### [INSTRUCTIONS TO FOLLOW]
Make an exact copy of each entry, leaving out every picture.

### [DATA FOR PROCESSING]
-- Opening Marker --

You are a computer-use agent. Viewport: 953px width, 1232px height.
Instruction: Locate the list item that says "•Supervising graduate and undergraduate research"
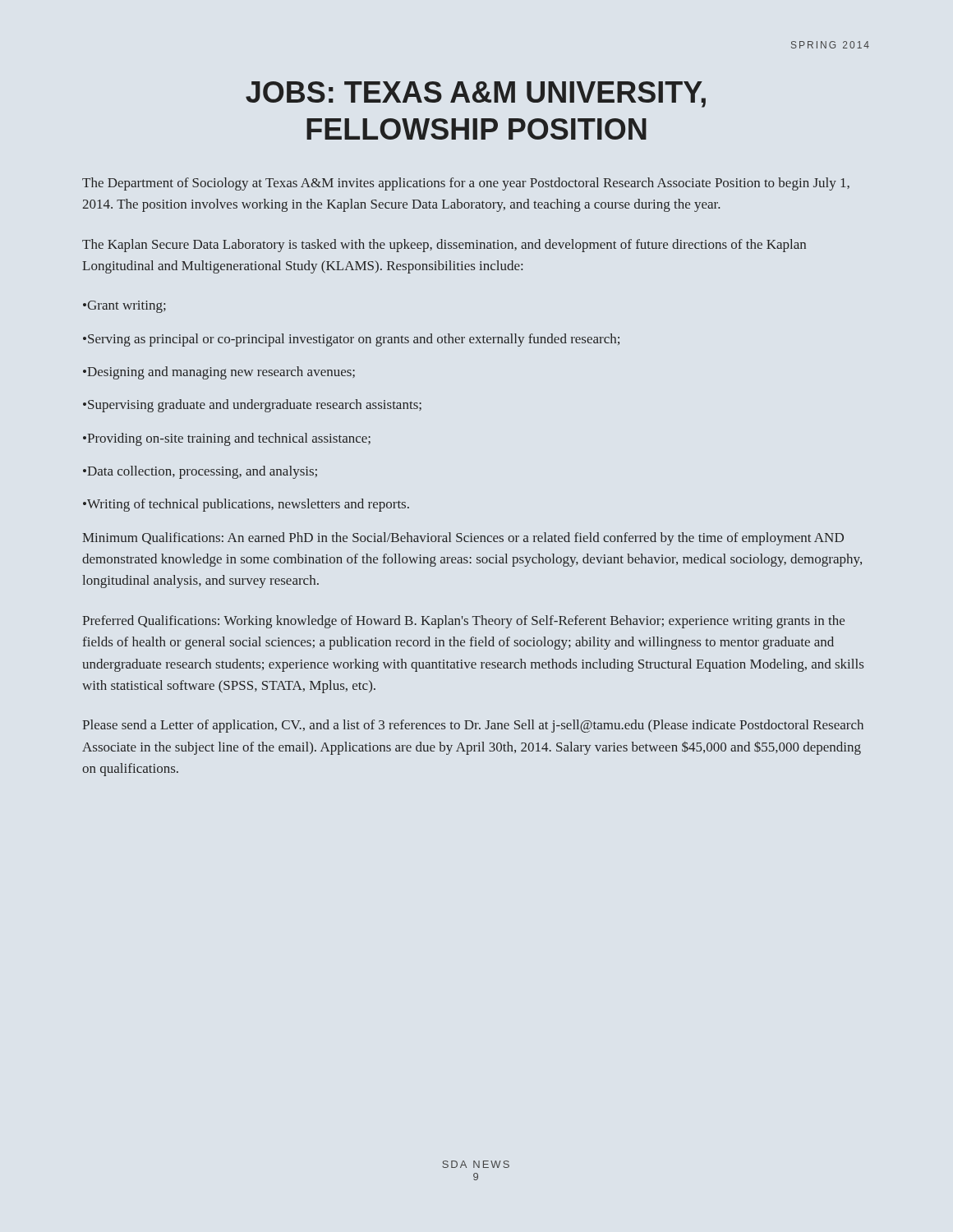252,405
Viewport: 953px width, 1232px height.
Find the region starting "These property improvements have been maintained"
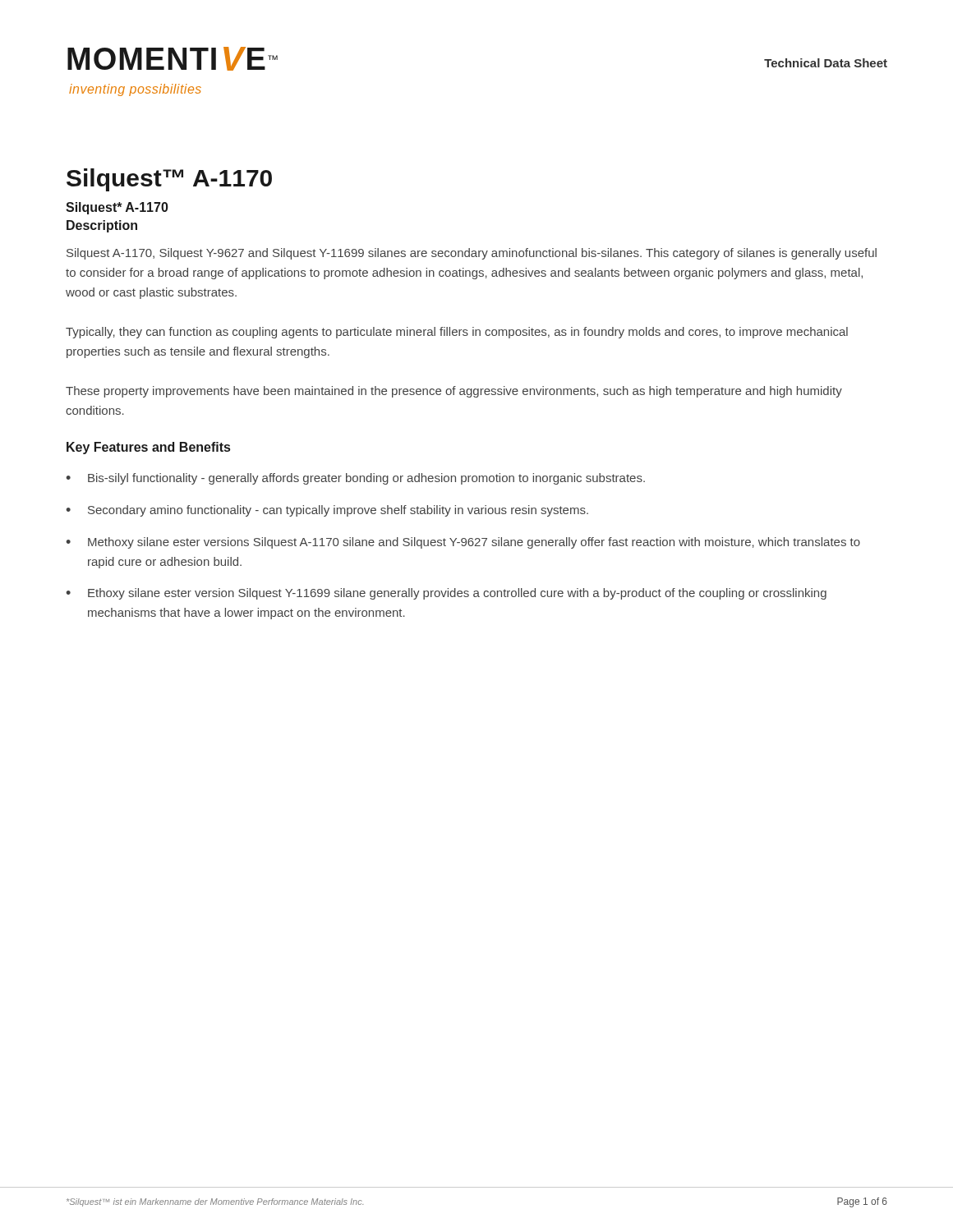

-- Closing Marker --

### [WRITTEN ANSWER]
You are a computer-use agent. Viewport: 953px width, 1232px height.
Instruction: Locate the list item that says "•Supervising graduate and undergraduate research"
252,405
Viewport: 953px width, 1232px height.
Find the region starting "These property improvements have been maintained"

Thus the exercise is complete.